▶ [What needs to be done]
Check every line below for the string "name", and copy the lines that contain it.

▶ [Excerpted data]
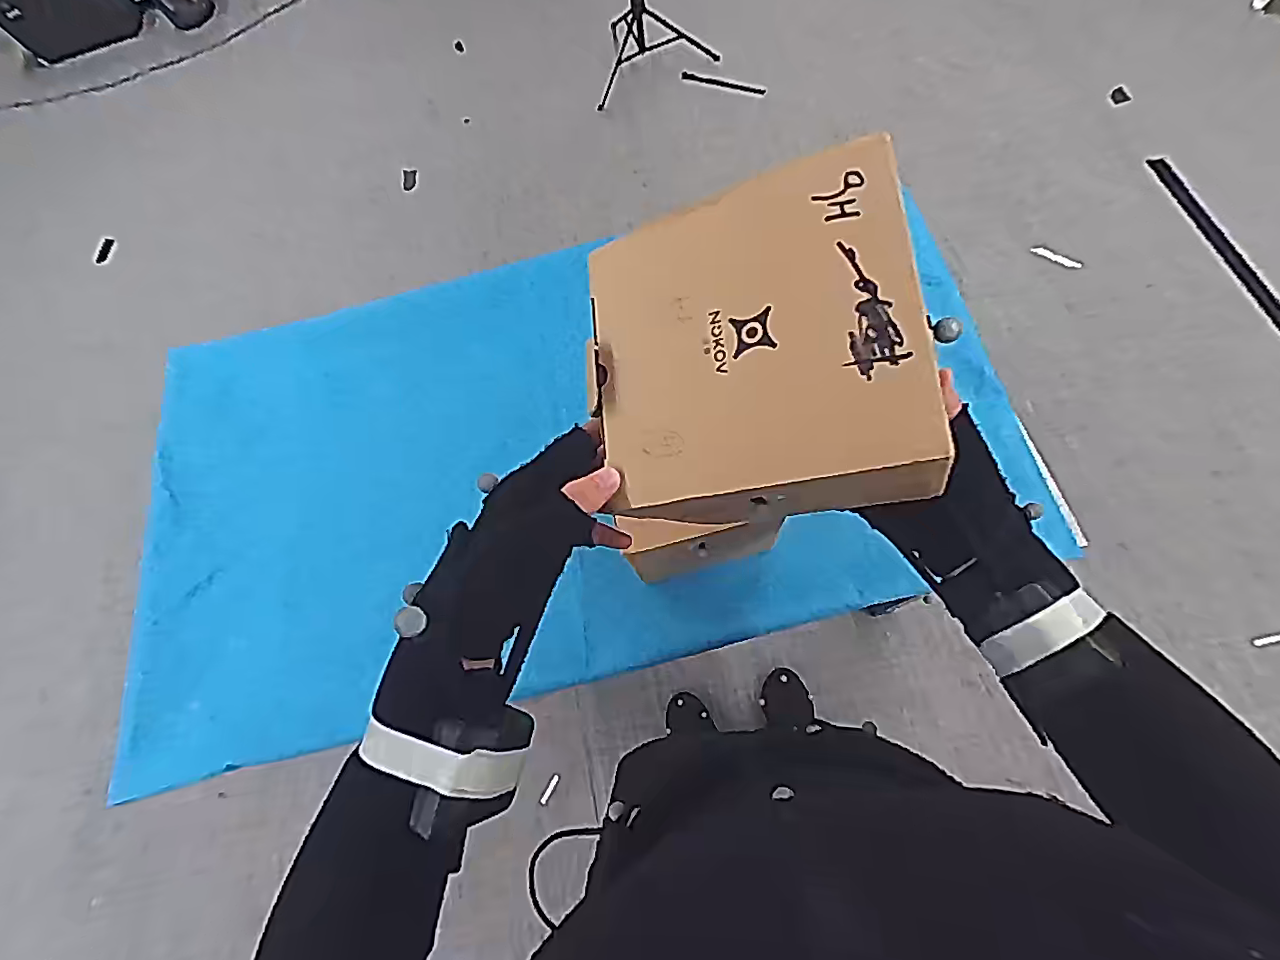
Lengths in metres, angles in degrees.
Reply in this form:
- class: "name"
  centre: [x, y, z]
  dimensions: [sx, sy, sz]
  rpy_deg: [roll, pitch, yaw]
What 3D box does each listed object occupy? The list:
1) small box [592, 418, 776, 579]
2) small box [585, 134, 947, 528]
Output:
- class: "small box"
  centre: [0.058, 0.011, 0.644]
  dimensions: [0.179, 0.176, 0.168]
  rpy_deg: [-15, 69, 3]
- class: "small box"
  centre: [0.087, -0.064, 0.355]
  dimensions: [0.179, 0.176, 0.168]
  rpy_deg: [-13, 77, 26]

--

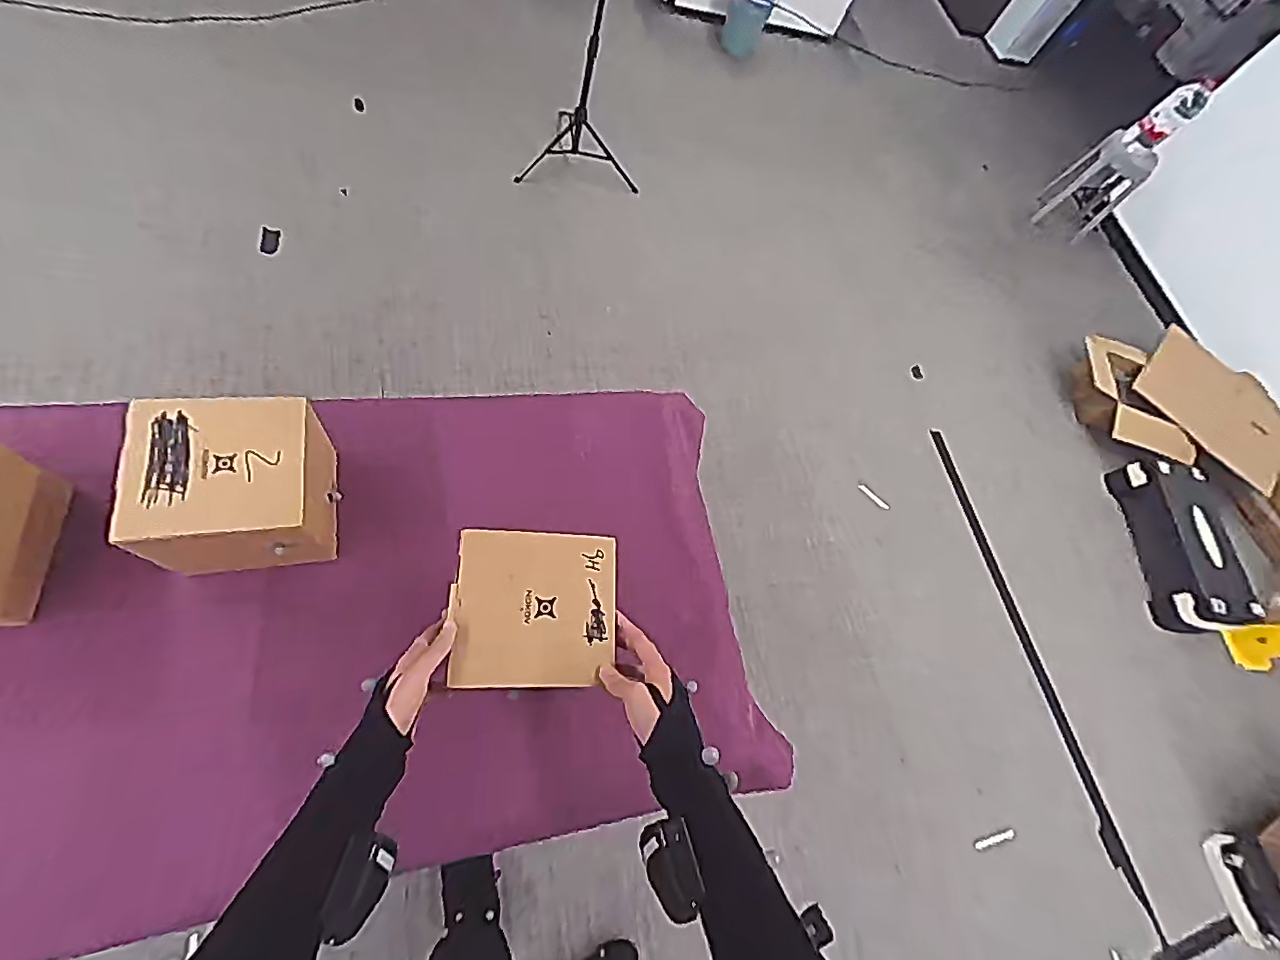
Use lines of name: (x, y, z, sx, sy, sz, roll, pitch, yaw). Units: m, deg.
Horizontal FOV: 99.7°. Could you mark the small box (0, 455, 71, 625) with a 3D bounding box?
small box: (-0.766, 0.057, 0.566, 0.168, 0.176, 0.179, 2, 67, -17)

▶ [Output of the task]
- class: "name"
Use lines of name: (x, y, z, sx, sy, sz, roll, pitch, yaw). Units: m, deg.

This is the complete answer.